By Trevor Little
April 10 2012
With Google still digesting last week’s Full Federal Court’s decision on sponsored links, the US Court of Appeals for the Fourth Circuit has effectively revived Rosetta Stone’s dispute with the search engine giant.
In July 2009 Rosetta Stone - a provider of language learning solutions - filed a lawsuit against the search giant alleging that Google had committed trademark infringement by selling Rosetta’s trademarks to third-party advertisers for use as keywords, and that the search engine giant had “set up a system wherein Rosetta Stone and others are, de facto, forced to pay Google to reduce the likelihood that consumers will be confused by Google’s own practices”. A year later, a judge from the US District Court for the Eastern District of Virginia dismissed Rosetta Stone's case, finding that consumer confusion was unlikely.
As WTR reported previously, part of the evidence that Rosetta Stone filed in its appeal was a study that Google itself carried out, which suggested that use of trademarks in sponsored link text resulted in a "high" degree of consumer confusion, with 94% of users confused “at least once” during the study.
Yesterday the US Court of Appeals for the Fourth Circuit overturned most of the lower court’s ruling, stating “that a reasonable trier of fact could find that Google intended to cause confusion in that it acted with the knowledge that confusion was very likely to result from its use of the marks”.

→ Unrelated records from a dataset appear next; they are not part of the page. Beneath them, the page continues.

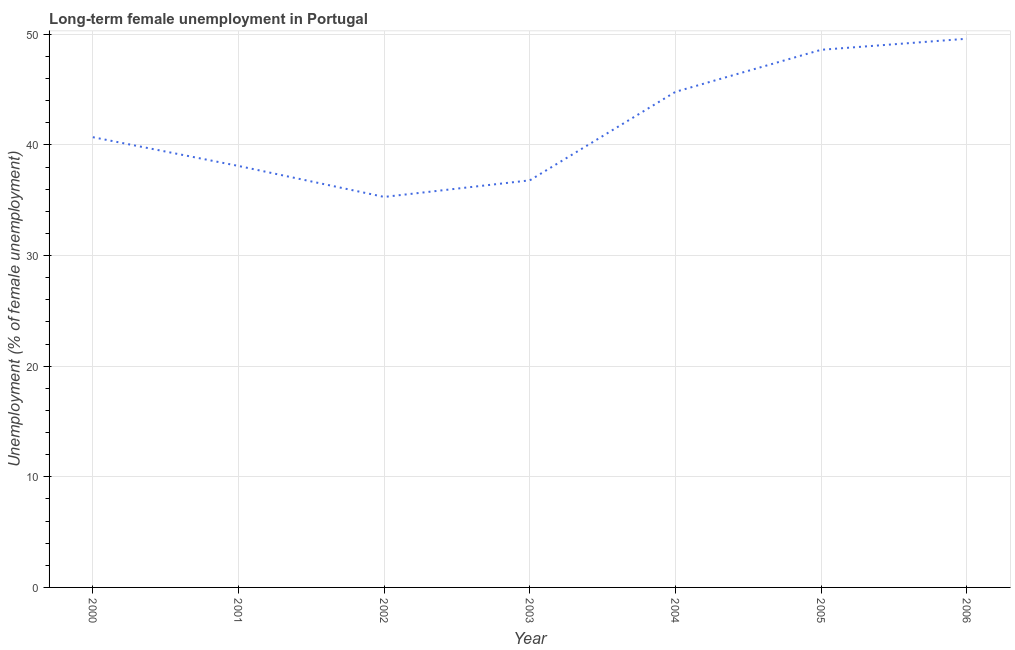What is the long-term female unemployment in 2006?
Your answer should be compact. 49.6. Across all years, what is the maximum long-term female unemployment?
Ensure brevity in your answer.  49.6. Across all years, what is the minimum long-term female unemployment?
Provide a succinct answer. 35.3. In which year was the long-term female unemployment maximum?
Your answer should be compact. 2006. In which year was the long-term female unemployment minimum?
Make the answer very short. 2002. What is the sum of the long-term female unemployment?
Your answer should be compact. 293.9. What is the difference between the long-term female unemployment in 2003 and 2004?
Give a very brief answer. -8. What is the average long-term female unemployment per year?
Provide a short and direct response. 41.99. What is the median long-term female unemployment?
Give a very brief answer. 40.7. What is the ratio of the long-term female unemployment in 2001 to that in 2005?
Ensure brevity in your answer.  0.78. Is the sum of the long-term female unemployment in 2000 and 2004 greater than the maximum long-term female unemployment across all years?
Make the answer very short. Yes. What is the difference between the highest and the lowest long-term female unemployment?
Make the answer very short. 14.3. In how many years, is the long-term female unemployment greater than the average long-term female unemployment taken over all years?
Offer a very short reply. 3. Does the long-term female unemployment monotonically increase over the years?
Keep it short and to the point. No. How many years are there in the graph?
Offer a very short reply. 7. Are the values on the major ticks of Y-axis written in scientific E-notation?
Offer a very short reply. No. Does the graph contain any zero values?
Offer a terse response. No. What is the title of the graph?
Provide a short and direct response. Long-term female unemployment in Portugal. What is the label or title of the Y-axis?
Ensure brevity in your answer.  Unemployment (% of female unemployment). What is the Unemployment (% of female unemployment) of 2000?
Offer a very short reply. 40.7. What is the Unemployment (% of female unemployment) of 2001?
Make the answer very short. 38.1. What is the Unemployment (% of female unemployment) in 2002?
Provide a succinct answer. 35.3. What is the Unemployment (% of female unemployment) in 2003?
Ensure brevity in your answer.  36.8. What is the Unemployment (% of female unemployment) in 2004?
Your answer should be very brief. 44.8. What is the Unemployment (% of female unemployment) in 2005?
Your response must be concise. 48.6. What is the Unemployment (% of female unemployment) in 2006?
Provide a short and direct response. 49.6. What is the difference between the Unemployment (% of female unemployment) in 2000 and 2002?
Your answer should be compact. 5.4. What is the difference between the Unemployment (% of female unemployment) in 2000 and 2004?
Keep it short and to the point. -4.1. What is the difference between the Unemployment (% of female unemployment) in 2000 and 2005?
Make the answer very short. -7.9. What is the difference between the Unemployment (% of female unemployment) in 2000 and 2006?
Provide a short and direct response. -8.9. What is the difference between the Unemployment (% of female unemployment) in 2001 and 2002?
Make the answer very short. 2.8. What is the difference between the Unemployment (% of female unemployment) in 2002 and 2003?
Give a very brief answer. -1.5. What is the difference between the Unemployment (% of female unemployment) in 2002 and 2004?
Offer a terse response. -9.5. What is the difference between the Unemployment (% of female unemployment) in 2002 and 2006?
Give a very brief answer. -14.3. What is the difference between the Unemployment (% of female unemployment) in 2003 and 2004?
Keep it short and to the point. -8. What is the difference between the Unemployment (% of female unemployment) in 2003 and 2005?
Provide a short and direct response. -11.8. What is the difference between the Unemployment (% of female unemployment) in 2004 and 2005?
Make the answer very short. -3.8. What is the difference between the Unemployment (% of female unemployment) in 2004 and 2006?
Keep it short and to the point. -4.8. What is the ratio of the Unemployment (% of female unemployment) in 2000 to that in 2001?
Make the answer very short. 1.07. What is the ratio of the Unemployment (% of female unemployment) in 2000 to that in 2002?
Keep it short and to the point. 1.15. What is the ratio of the Unemployment (% of female unemployment) in 2000 to that in 2003?
Keep it short and to the point. 1.11. What is the ratio of the Unemployment (% of female unemployment) in 2000 to that in 2004?
Your response must be concise. 0.91. What is the ratio of the Unemployment (% of female unemployment) in 2000 to that in 2005?
Your answer should be compact. 0.84. What is the ratio of the Unemployment (% of female unemployment) in 2000 to that in 2006?
Offer a terse response. 0.82. What is the ratio of the Unemployment (% of female unemployment) in 2001 to that in 2002?
Keep it short and to the point. 1.08. What is the ratio of the Unemployment (% of female unemployment) in 2001 to that in 2003?
Provide a succinct answer. 1.03. What is the ratio of the Unemployment (% of female unemployment) in 2001 to that in 2005?
Offer a very short reply. 0.78. What is the ratio of the Unemployment (% of female unemployment) in 2001 to that in 2006?
Your answer should be compact. 0.77. What is the ratio of the Unemployment (% of female unemployment) in 2002 to that in 2004?
Offer a terse response. 0.79. What is the ratio of the Unemployment (% of female unemployment) in 2002 to that in 2005?
Offer a terse response. 0.73. What is the ratio of the Unemployment (% of female unemployment) in 2002 to that in 2006?
Provide a short and direct response. 0.71. What is the ratio of the Unemployment (% of female unemployment) in 2003 to that in 2004?
Your answer should be very brief. 0.82. What is the ratio of the Unemployment (% of female unemployment) in 2003 to that in 2005?
Provide a succinct answer. 0.76. What is the ratio of the Unemployment (% of female unemployment) in 2003 to that in 2006?
Give a very brief answer. 0.74. What is the ratio of the Unemployment (% of female unemployment) in 2004 to that in 2005?
Give a very brief answer. 0.92. What is the ratio of the Unemployment (% of female unemployment) in 2004 to that in 2006?
Provide a succinct answer. 0.9. What is the ratio of the Unemployment (% of female unemployment) in 2005 to that in 2006?
Your answer should be very brief. 0.98. 
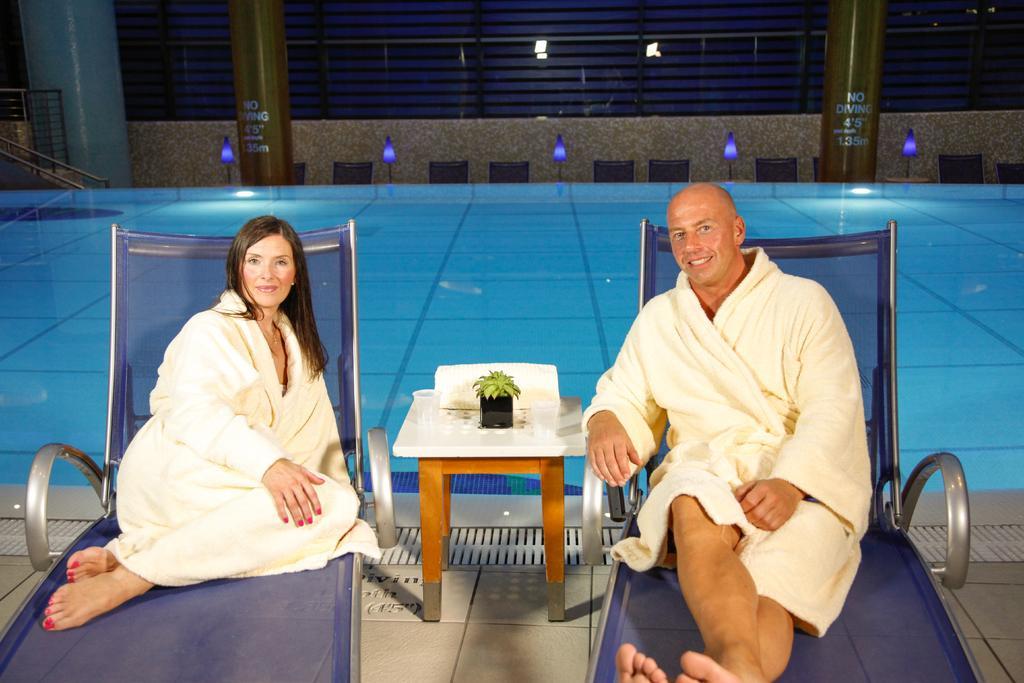Please provide a concise description of this image. In this picture we can see a man and a woman sitting on chairs and smiling and on the floor we can see the table with a houseplant, glasses on it and at the back of them we can see the wall, lights, water, pillars, railings and some objects.

While affirming the district court’s findings with respect to the claims of vicarious infringement and unjust enrichment, it vacated “the district court’s order with respect to Rosetta Stone’s direct infringement, contributory infringement and dilution claims”, and remanded the case for further proceedings on the latter claims.
One of the issues scrutinised was that of functionality. The district court previously stated that the trademarks used as keywords effectively became functional when used on Google’s search engine, as they perform an “essential indexing function” and enable Google to identify in its databases relevant information in response to a web user’s query.
However, in yesterday’s decision the Fourth Circuit found that “the functionality doctrine simply does not apply in these circumstances. The functionality analysis was focused on whether Rosetta Stone’s mark made Google’s product more useful, neglecting to consider whether the mark was functional as Rosetta Stone used it. Rosetta Stone uses its registered mark as a classic source identifier in connection with its language learning products. Clearly, there is nothing functional about Rosetta Stone’s use of its own mark… Once it is determined that the product feature - the word mark ROSETTA STONE in this case - is not functional, then the functionality doctrine has no application, and it is irrelevant whether Google’s computer program functions better by use of Rosetta Stone’s non-functional mark… As the case progresses on remand, Google may well be able to establish that its use of Rosetta Stone’s marks in its AdWords program is not an infringing use of such marks; however, Google will not be able to do so based on the functionality doctrine.”
While the battle is set to continue, writing in his blog Michael Atkins argues that the decision is the right one, but predicts that the end result will be the same – that Google “won’t be directly or indirectly liable for counterfeiters’ purchase of Rosetta Stone’s trademark as a search engine keyword. But this time, the analysis won’t be tortured and misleading”.